*** RECORDS FOR THE TASK ***
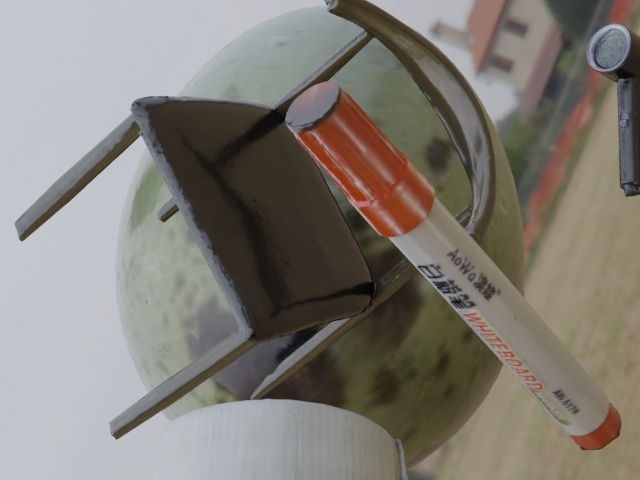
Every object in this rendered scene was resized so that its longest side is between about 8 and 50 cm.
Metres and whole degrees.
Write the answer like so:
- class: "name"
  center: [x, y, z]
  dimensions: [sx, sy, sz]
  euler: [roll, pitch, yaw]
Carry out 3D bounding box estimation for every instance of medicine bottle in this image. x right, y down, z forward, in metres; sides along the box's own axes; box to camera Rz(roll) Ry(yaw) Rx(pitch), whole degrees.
- class: "medicine bottle"
  center: [-0.025, 0.211, 0.690]
  dimensions: [0.144, 0.144, 0.252]
  euler: [100, 171, -63]

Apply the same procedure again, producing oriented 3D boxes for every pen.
- class: "pen"
  center: [0.061, 0.018, 0.589]
  dimensions: [0.239, 0.028, 0.028]
  euler: [46, -121, -39]

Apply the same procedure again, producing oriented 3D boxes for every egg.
- class: "egg"
  center: [0.000, 0.000, 1.257]
  dimensions: [0.345, 0.344, 0.428]
  euler: [100, 170, -63]

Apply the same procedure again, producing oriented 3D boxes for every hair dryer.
- class: "hair dryer"
  center: [0.153, -0.059, 0.713]
  dimensions: [0.026, 0.047, 0.083]
  euler: [-19, 60, 42]

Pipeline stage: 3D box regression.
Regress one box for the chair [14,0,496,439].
- class: "chair"
  center: [-0.038, -0.016, 0.947]
  dimensions: [0.272, 0.188, 0.166]
  euler: [-37, -16, 31]
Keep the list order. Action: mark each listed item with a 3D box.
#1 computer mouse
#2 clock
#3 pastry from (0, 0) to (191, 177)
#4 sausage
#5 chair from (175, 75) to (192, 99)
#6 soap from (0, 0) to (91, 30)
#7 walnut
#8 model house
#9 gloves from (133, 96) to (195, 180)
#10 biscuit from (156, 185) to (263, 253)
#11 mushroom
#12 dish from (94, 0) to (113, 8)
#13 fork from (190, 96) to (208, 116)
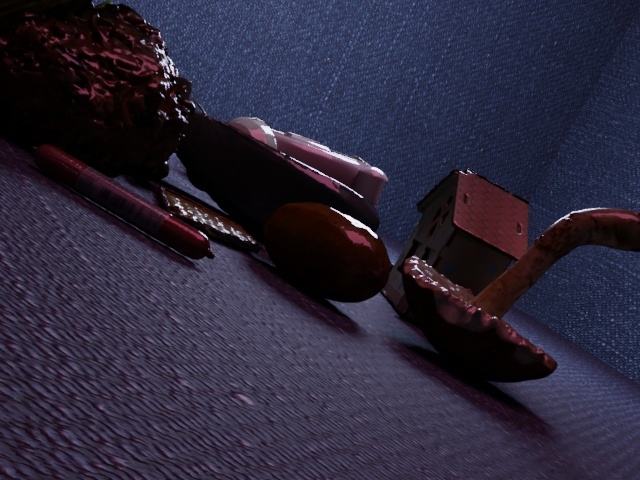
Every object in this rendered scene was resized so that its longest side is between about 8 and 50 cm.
[{"bbox_3d":[-0.094,-0.079,1.741,0.371,0.122,0.188,30,-7,10],"label":"computer mouse"},{"bbox_3d":[-0.059,-0.126,2.267,0.326,0.184,0.342,24,-1,-7],"label":"clock"},{"bbox_3d":[-0.275,-0.191,1.384,0.275,0.193,0.275,30,5,-3],"label":"pastry"},{"bbox_3d":[-0.197,-0.039,1.172,0.223,0.029,0.029,30,4,12],"label":"sausage"},{"bbox_3d":[-0.390,-0.277,1.977,0.319,0.160,0.186,31,-1,38],"label":"chair"},{"bbox_3d":[-0.356,-0.341,1.438,0.293,0.335,0.156,-179,-112,-76],"label":"soap"},{"bbox_3d":[0.001,0.012,1.439,0.207,0.116,0.116,24,-1,41],"label":"walnut"},{"bbox_3d":[0.219,0.022,1.833,0.169,0.244,0.326,26,3,-7],"label":"model house"},{"bbox_3d":[-0.246,-0.145,1.617,0.107,0.135,0.268,-18,5,-22],"label":"gloves"},{"bbox_3d":[-0.141,-0.025,1.494,0.144,0.016,0.203,28,3,-15],"label":"biscuit"},{"bbox_3d":[0.244,0.048,1.510,0.233,0.302,0.208,42,-29,4],"label":"mushroom"},{"bbox_3d":[-0.376,-0.235,1.618,0.108,0.221,0.262,69,-16,-13],"label":"dish"},{"bbox_3d":[-0.168,-0.134,1.933,0.219,0.028,0.034,65,15,2],"label":"fork"}]
*** End of RECORDS FOR THE TASK ***
▶ [PROBLEM REQUIREMENTS]
Wherever the string "from" occurs in a line of the listing above, count that line, and report only the total.

▶ [ANSWER TO THIS EXERCISE]
7